In this peri-urban community, the lack of and/or the inefficiency of basic urban services is apparent. Transportation problems are dramatic. Because roads are unpaved, the heavy and continual traffic is in a constant state of calamity. When it rains, no matter how lightly, people have to wade through thick mud in order to cross most streets. Moreover, the city bus system is, for the most part, privately owned, and only a few buses service the whole area. Even to travel relatively short distances people have to take two or three buses and wait for long intervals between each. A direct trip to Rio de Janeiro is too expensive for most people, and they resort to crowded and poorly maintained trains that are always running off schedule.

These problems affect the health care delivery system, because people need mass transportation to reach the two low-income health clinics. Even for those who live within walking distance, it is not always easy to traverse the muddy, flooded streets.

During the study period in early 1988, heavy rains totally flooded Jardim Primavera and other parts of Duque de Caxias, destroying homes, and leaving the population isolated. People resorted to canoes in order to go through streets that had literally become rivers. Serious illnesses afflicted the population including diarrhoea, dehydration, high fevers, whooping cough and pneumonia. Medicines and oral rehydration solution packets were sent as gifts to the flood-stricken local population and the leader of one of the Neighbourhood Associations dispensed them from her house. Public health officers and governmental people had to resort to helicopters.1

THE QUEST FOR HEALTH The quest for health in the community was equated to the quest for food. A female informant put it very simply: "Our basic health problem here is lack of food." Food, however, is a category that is not necessarily associated with "nutrition." Any food whatsoever is viewed as nutritious, with very little or no regard for content, such as vitamins, proteins, etc. Except for middle-class families, there is very little scientific knowledge about nutrition. "Food is food," said another woman, adding that, "whatever 1 can get my children will be good for them." To keep someone, especially a sick person, from eating one type of food rather than another struck most interviewees as irrelevant.

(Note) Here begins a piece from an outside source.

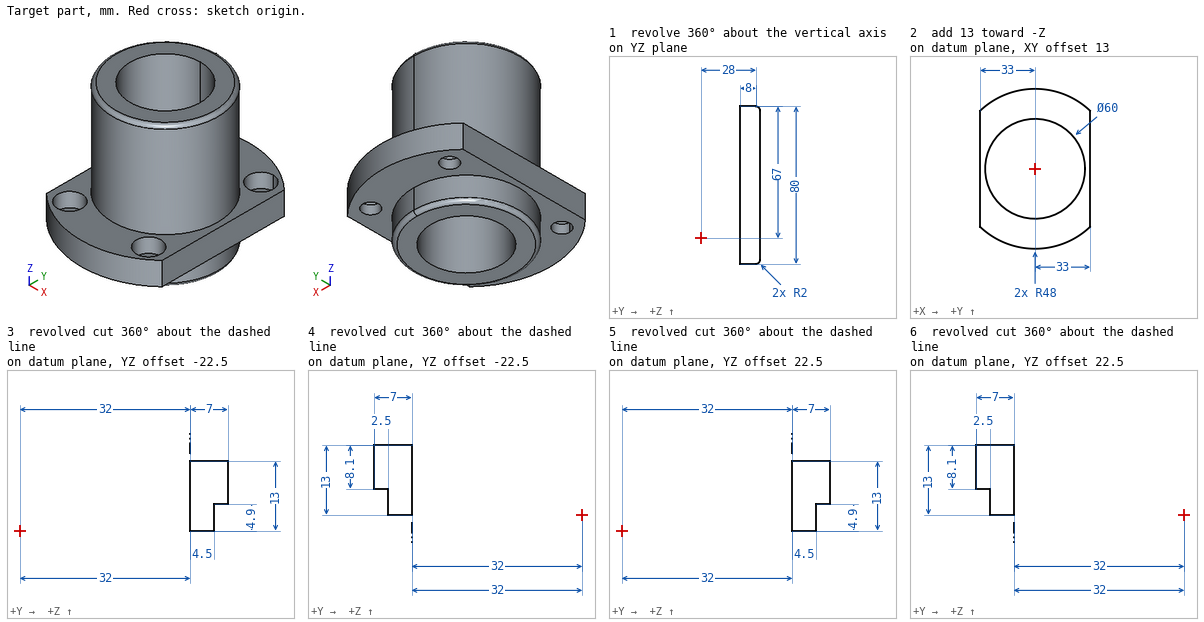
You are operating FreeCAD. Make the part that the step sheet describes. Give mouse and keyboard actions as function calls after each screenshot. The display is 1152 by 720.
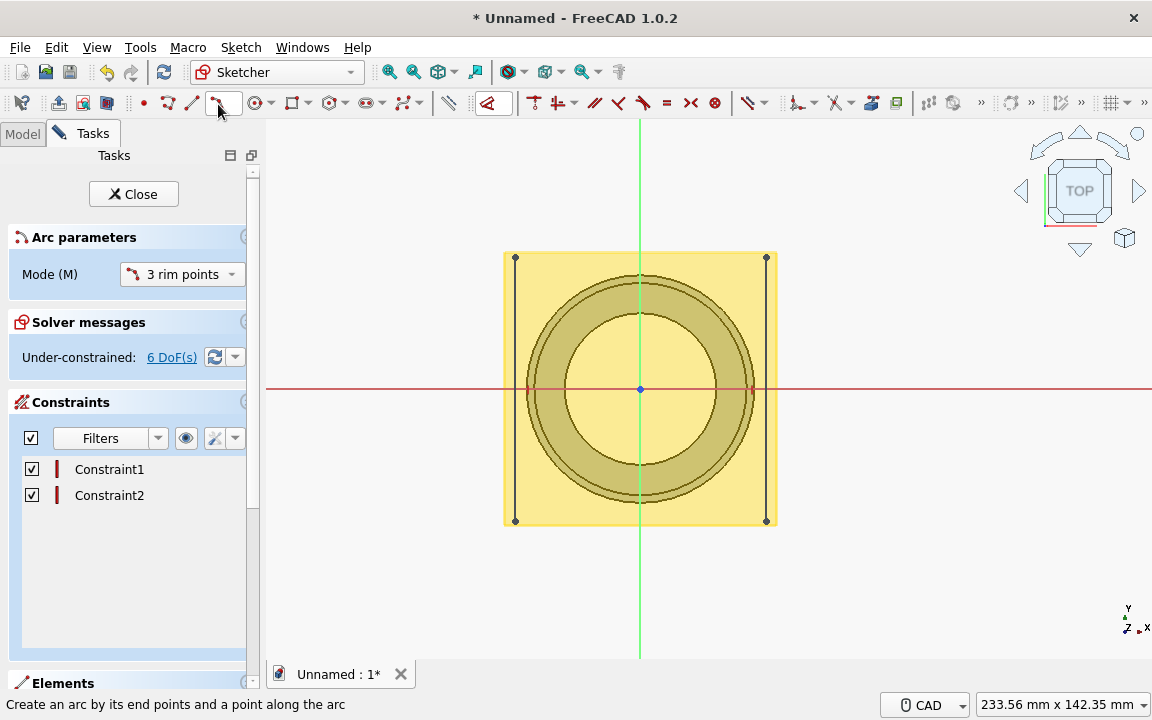
click(515, 522)
click(766, 522)
click(613, 569)

Food restrictions or food taboos were considered only in relation to certain categories of illnesses and in relation to herbal remedies that place them into "cold or hot" categories. Such categories exist throughout Latin America especially in lower income, indigenous areas2 and for more than half of the interviewed families. "My children are perfectly healthy," was the assertion of mothers of children who had chronic earaches, puffed-up bellies, chronic running noses and coughing, as well as recurrent acute diarrhoea. Mothers tended to worry more - and therefore treat as "illnesses" - health problems like asthma, bronchitis, vomiting, and "nervousness3."

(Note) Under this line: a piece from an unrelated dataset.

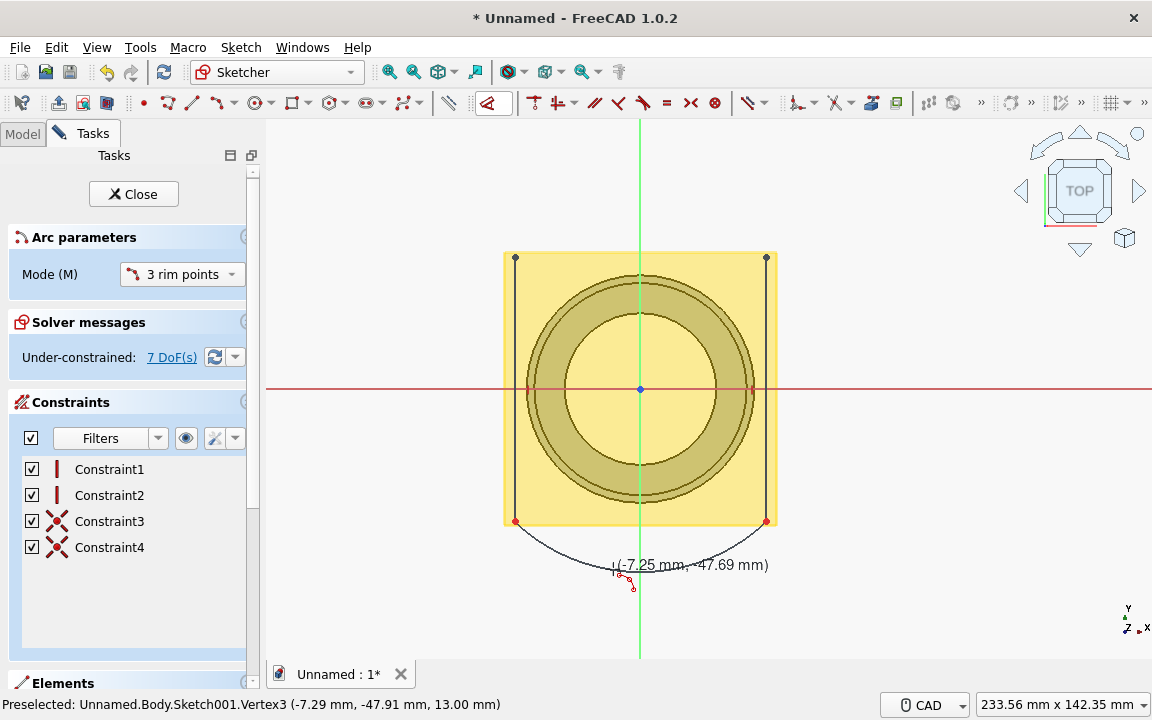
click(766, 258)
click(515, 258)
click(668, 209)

In Brazil, except for communities that define themselves as ethnically apart - such as Indian tribal groups and some European-descent communities - and live in relative isolation, ethnic category is not as relevant as social class. To be Black in a slum does not carry any more stigma, nor is it any more indicative of a social phenomenon, than being White in a slum. The distinctive mark is living in the slum, i.e., belonging to the so-called lower classes. Moreover, there were no language barriers to serve as a distinctive mark of ethnicity. Therefore, all questions and observations dealing with the theme of ethnicity or language were excluded. That was a very clear point.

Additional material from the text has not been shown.